From Wikipedia:
The vector space of (equivalence classes of) measurable functions on $(S, Σ, μ)$ is denoted $L^0(S, Σ, μ)$.
This doesn't seem connected to the definition of $L^p(S, Σ, μ), \forall p \in (0, \infty)$ as being the set of measurable functions $f$ such that $\int_S |f|^p d\mu <\infty$. So I wonder if I miss any connection, and why use the notation $L^0$ if there is no connection?
Thanks and regards!
Note that when we restrict ourselves to the probability measures, then this terminology makes sense: $L^p$ is the space of those (equivalence classes of) measurable functions $f$ satisfying $$\int |f|^p<\infty.$$ Therefore $L^0$ should be the space of those (equivalence classes of) measurable functions $f$ satisfying $$\int |f|^0=\int 1=1<\infty,$$ that is the space of all (equivalence classes of) measurable functions $f$. And it is indeed the case.
If the measure of $S$ is finite, the $L^p$ spaces are nested: $L^{p}\subset L^q$ whenever $p\ge q$. The smaller the exponent, the larger the space. Since the space of measurable functions contains all of the $L^p$ for $p>0$, one may be tempted to denote it by $L^0$.
This temptation should be resisted and the notation $L^0$ banished from usage. [/rant]
I do think that $L^0$ is nice usage. As is well-known $\lim_{p \to \infty} \|\cdot \|_{L^p} = \|\cdot\|_\infty$ for certain spaces or functions. The case for $L^0$ is not that pretty, but at least still nice.
Recall the distribution function $\mu$ of $f$ given by, $$\mu(\alpha) := \mu_f(\alpha) := \mu\{|f|>\alpha\}.$$
Fubini gives that, $$\|f\|_{L^p}^p = p \int_0^\infty \mu_f(\alpha) \alpha^p \frac{\mathrm{d}\alpha}{\alpha}.$$
We can define the Lorentz spaces in a similar way. And indeed, for a finite measure space, we have if $p < q$ that $$L^q \subseteq L^p.$$ Hence, it is natural to define $L^0$ as, $$L^0 = \bigcup_{p > 0} L^p.$$ We would like to have that $L^0$ is also complete as a metric space, otherwise the notation would be quite deceiving indeed. For this we need a notation of convergence. On $L^p$ for $0 < p < 1$ it is not the norm that induces the metric, but it is $\|\cdot\|_p^p$.

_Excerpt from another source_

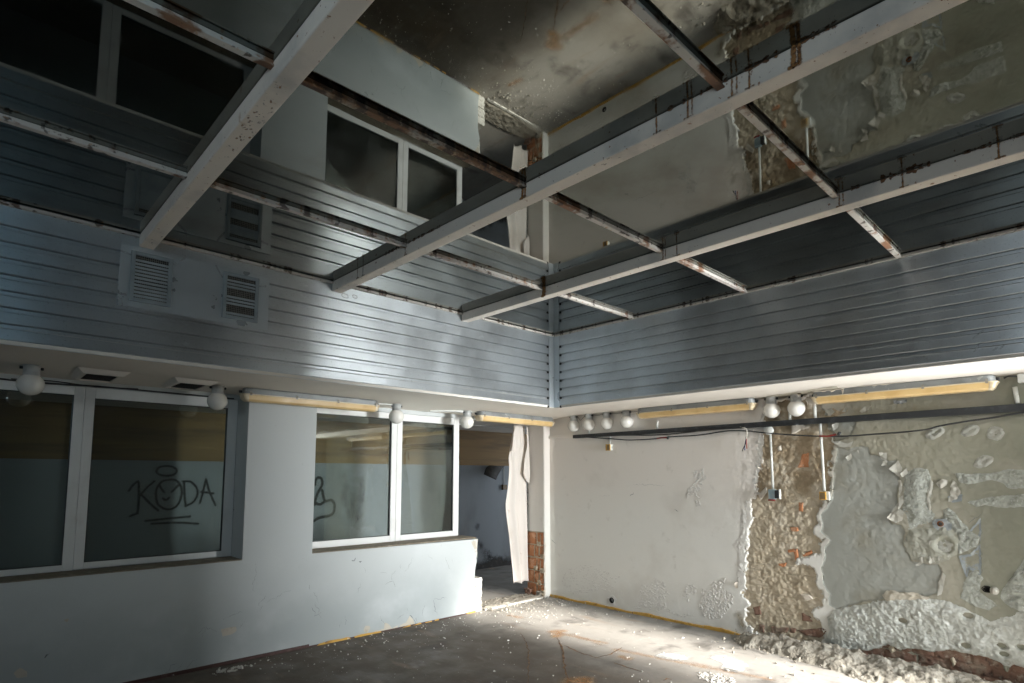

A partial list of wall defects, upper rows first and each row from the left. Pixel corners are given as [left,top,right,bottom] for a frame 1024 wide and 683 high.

rust [787,43,802,70]
flaking render [524,530,545,596]
spalling [734,386,1024,683]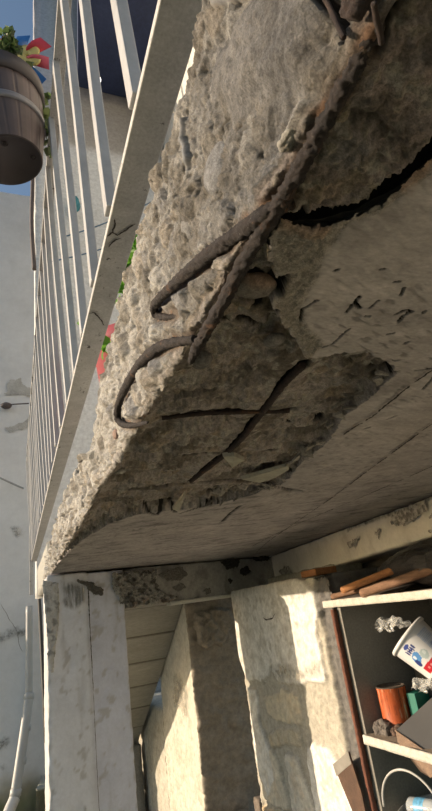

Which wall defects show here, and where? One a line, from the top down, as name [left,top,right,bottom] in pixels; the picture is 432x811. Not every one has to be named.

So, for $0 < p < 1$ we have, $$d_p(f, g) = p \int_0^\infty \mu\{|f - g|>\alpha\} \alpha^p \frac{\mathrm{d}\alpha}{\alpha}.$$
$\varepsilon$-neighborhoods $N^p_\varepsilon$ of $f$ in $L^p$ are then given by $$N^p_\varepsilon(f) = \Biggl\{g : p \int_0^\infty \mu\{|f - g|>\alpha\} \alpha^p \frac{\mathrm{d}\alpha}{\alpha} < \varepsilon \Biggr\}.$$
Too be continued, I wanted to give a brief remark, but I have decided otherwise in due progress.
$L^0$ is just a notation to refer to the weakness of the topology of convergence in measure. It is not locally bounded but is metrizable if the underlying measure space is non-atomic and $\sigma$-finite. The proper terminology is F-norm for complete metric linear spaces(F-spaces) which are not locally bounded. When locally bounded, such spaces are quasi-Banach spaces which $L^0$ is not. Thus, the main difference between a norm(quasi-norm) and an F-norm is the homogeneity. For quasi-norms $||cx||\le |c|||x||$ for all scalars c but for F-spaces $||cx||\le ||x||$ only for $|c|\le 1$. Despite being almost 40 years old, "An F-space Sample" by Kalton, Peck, and Roberts is still one of the best sources for this general view of functional analysis which focusses on topology and not on operator theory for Hilbert spaces.